We moved about ten days ago and a few times I have said, “I think I might love this house,” like we are on our third date. But there are quirky things about it. Like our shower. Our bathroom has no door and our shower has no door, and is open at the top on two sides. It’s chilly. It’s also amazingly, amusingly big.

The shower itself is five feet by four feet, ten inches, which is larger by about five square feet than one of my first apartment’s bathroom. It has, as you might have noticed, two shower heads. When we decided to make an offer on the house Mr. Blandings, standing just outside the shower non-door, said, “I am embarrassed for my mother to see this.” “Well. It’s not as if you designed it, then you really would be in a spot where you would be saying, ‘See what we like to do?’ This is just coincidence.”
Still, as I am standing, shivering, I am wondering the rationale behind the design. Honestly, it seems utilitarian above all as the water, even if aimed at the same spot, seems to hit about mid-calf. I wondered with Mrs. Grizwald if she thought it was really just a time saver, so two people could get ready simultaneously. She mused, “Really, in the hopes of maintaining any appeal, the last thing I’d want to be doing in front of Mr. Grizwald is daily maintenance.”

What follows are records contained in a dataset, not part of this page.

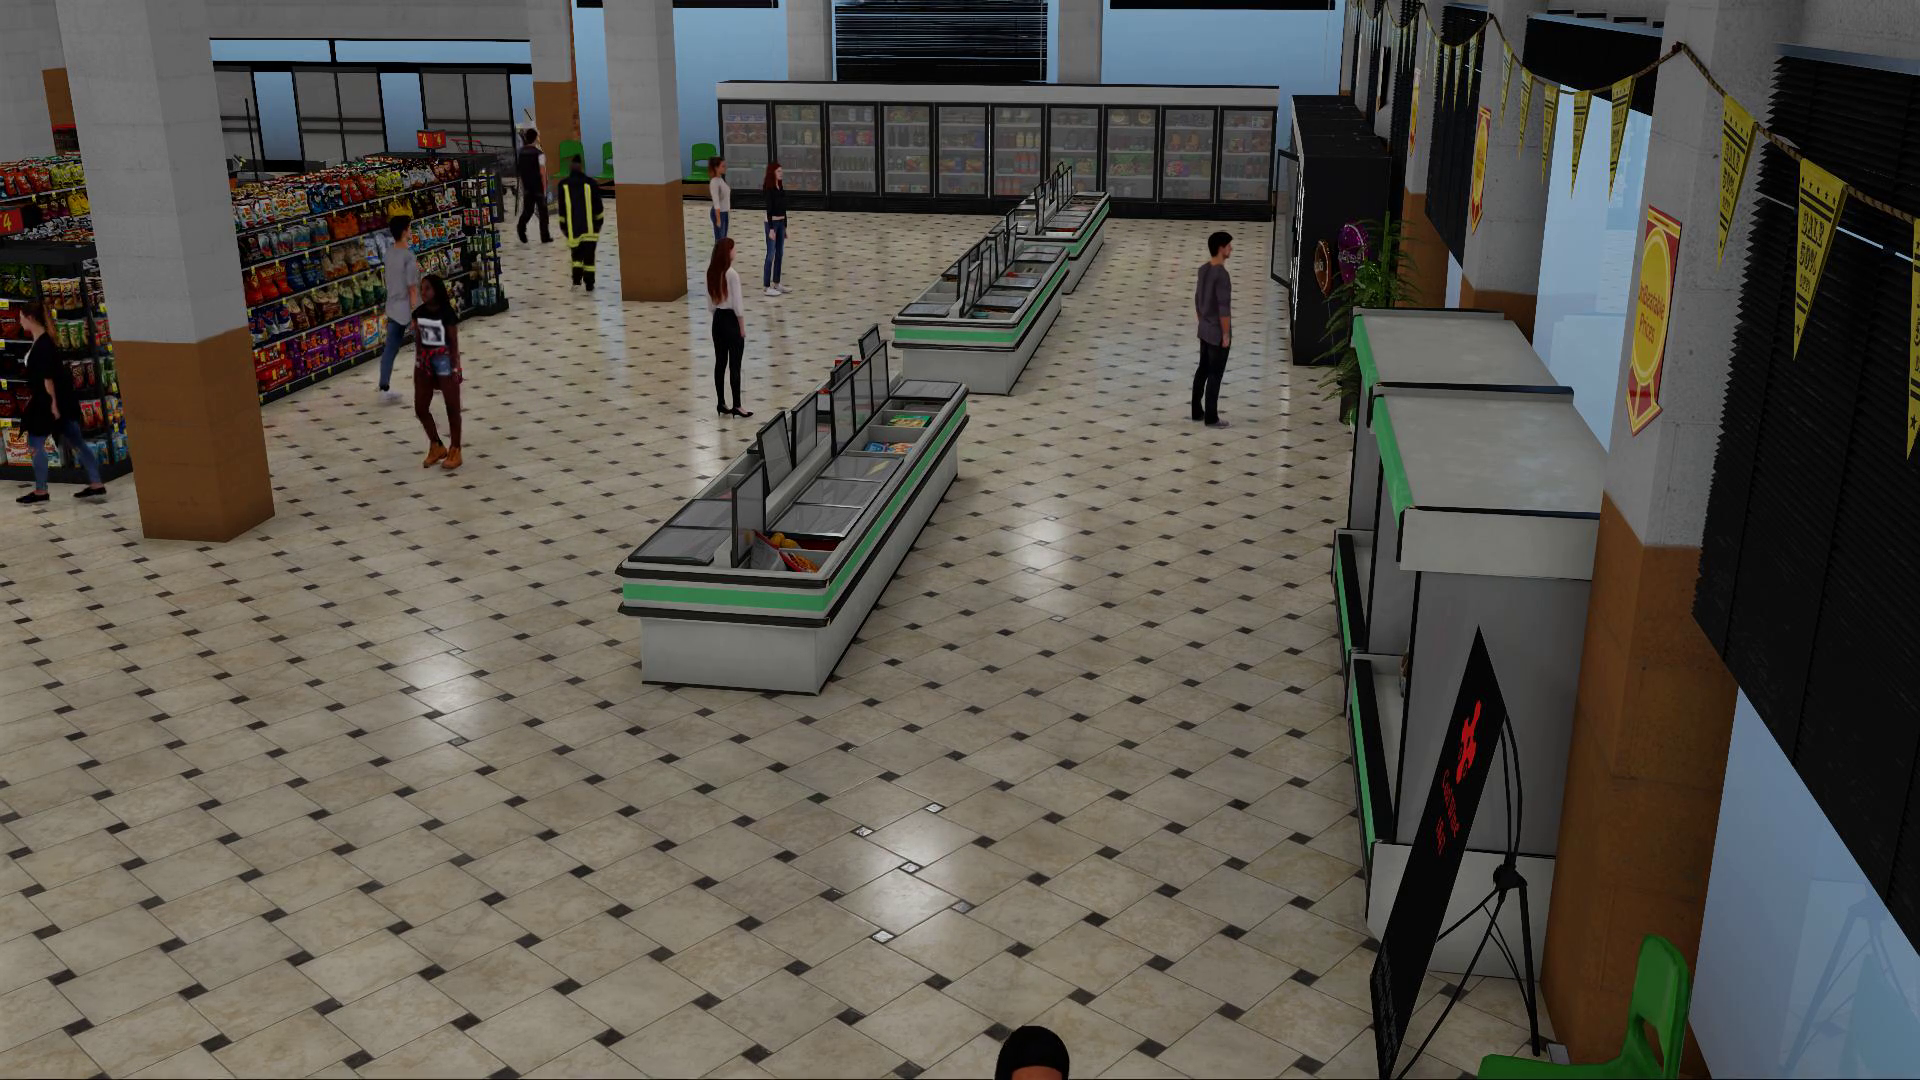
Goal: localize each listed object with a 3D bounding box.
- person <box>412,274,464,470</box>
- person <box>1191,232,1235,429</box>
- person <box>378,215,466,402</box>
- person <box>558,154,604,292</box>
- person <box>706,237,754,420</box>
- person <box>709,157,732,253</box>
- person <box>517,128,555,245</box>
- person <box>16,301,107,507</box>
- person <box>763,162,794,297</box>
[{"bbox_3d":[-4.503,-1.482,14.548,0.632,1.719,0.615,5,19,15],"label":"person"},{"bbox_3d":[2.424,-2.014,15.918,0.807,1.851,0.658,-6,20,-18],"label":"person"},{"bbox_3d":[-5.666,-2.279,16.733,1.020,1.833,1.294,13,22,33],"label":"person"},{"bbox_3d":[-5.196,-4.335,22.804,0.854,1.850,0.880,-2,19,-5],"label":"person"},{"bbox_3d":[-2.268,-2.065,16.208,0.664,1.763,0.659,14,23,36],"label":"person"},{"bbox_3d":[-3.452,-4.629,23.879,0.681,1.719,0.464,2,19,6],"label":"person"},{"bbox_3d":[-6.910,-5.657,26.757,0.716,1.830,1.064,5,19,15],"label":"person"},{"bbox_3d":[-7.255,-1.101,13.530,0.945,1.648,0.943,-7,20,-21],"label":"person"},{"bbox_3d":[-2.510,-4.216,22.549,0.671,1.787,0.530,9,20,24],"label":"person"}]
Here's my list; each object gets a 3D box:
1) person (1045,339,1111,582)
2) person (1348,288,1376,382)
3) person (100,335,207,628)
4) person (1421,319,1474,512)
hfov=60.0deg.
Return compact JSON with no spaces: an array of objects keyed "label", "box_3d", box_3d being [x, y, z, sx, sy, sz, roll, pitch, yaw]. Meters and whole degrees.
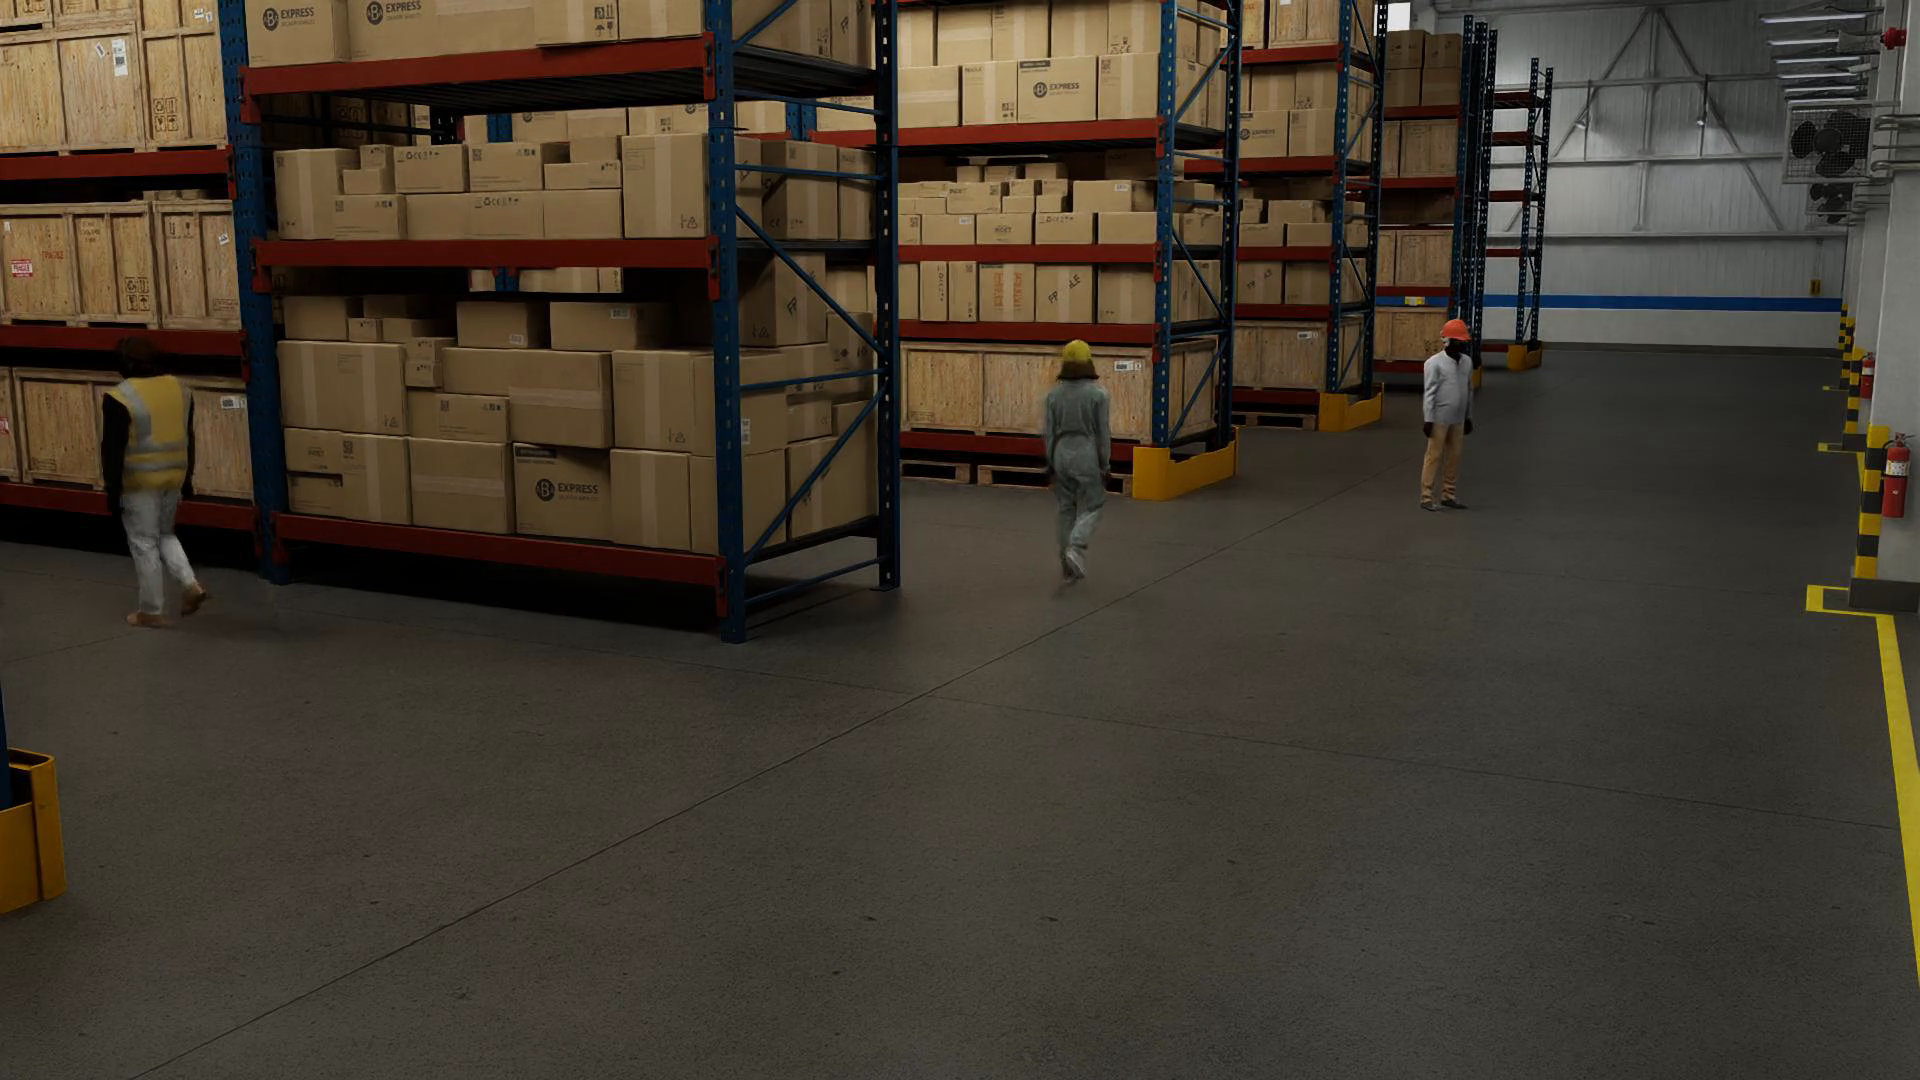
[{"label":"person","box_3d":[0.814,-0.543,11.714,0.502,1.725,0.428,5,11,25]},{"label":"person","box_3d":[5.856,-2.786,24.445,0.620,1.817,0.605,8,13,38]},{"label":"person","box_3d":[-5.036,-0.353,10.316,0.435,1.832,0.648,4,10,20]},{"label":"person","box_3d":[4.428,-1.120,15.026,0.578,1.742,0.361,-6,11,-30]}]
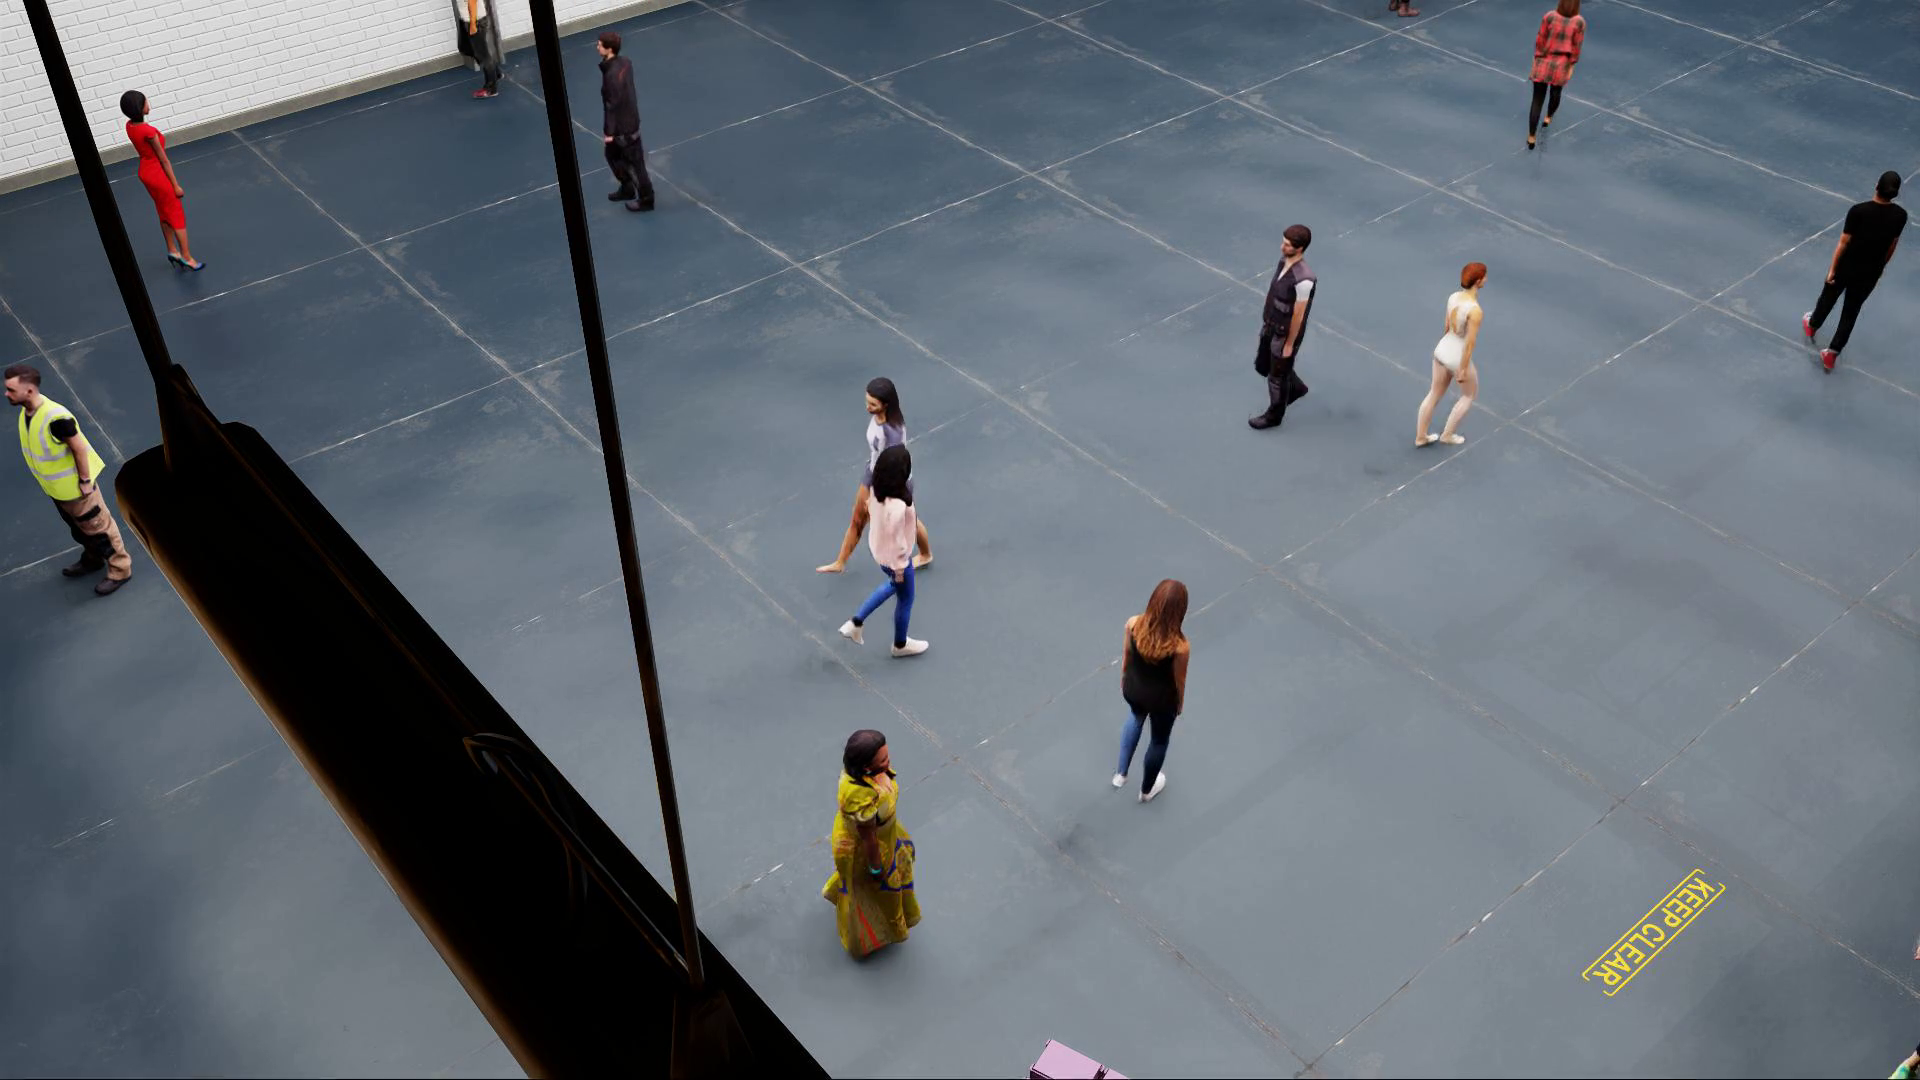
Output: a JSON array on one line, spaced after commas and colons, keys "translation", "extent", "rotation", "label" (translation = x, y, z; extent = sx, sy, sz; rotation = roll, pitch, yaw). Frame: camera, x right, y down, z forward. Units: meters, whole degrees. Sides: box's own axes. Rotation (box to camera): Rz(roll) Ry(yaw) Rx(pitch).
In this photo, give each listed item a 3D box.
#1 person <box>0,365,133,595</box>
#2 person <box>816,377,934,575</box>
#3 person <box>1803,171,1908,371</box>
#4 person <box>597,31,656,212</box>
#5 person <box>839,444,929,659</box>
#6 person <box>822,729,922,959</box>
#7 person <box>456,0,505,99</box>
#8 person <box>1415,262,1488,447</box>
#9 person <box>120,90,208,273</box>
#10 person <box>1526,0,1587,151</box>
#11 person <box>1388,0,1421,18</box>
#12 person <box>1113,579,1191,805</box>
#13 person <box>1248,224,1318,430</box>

To another friend I said, “I could water my plants while I shower. Or do my hand-washing.” “Or you could have group sex,” she supplied. I could, I suppose, though in forty-five years I haven’t and it seems a little late to start. Plus, there would be all the towels to wash. It occurred to me that my children would likely beat me to it. And would be unlikely to wash the towels. Both thoughts were concerning.
I have, jokingly, said to friends that we could have coffee in there sometime. I set it up to see if this were, indeed, a possibility, and while it is, it seemed a little chilly. Wine and chintz and upholstery seemed a better solution; you’re welcome to join me anytime.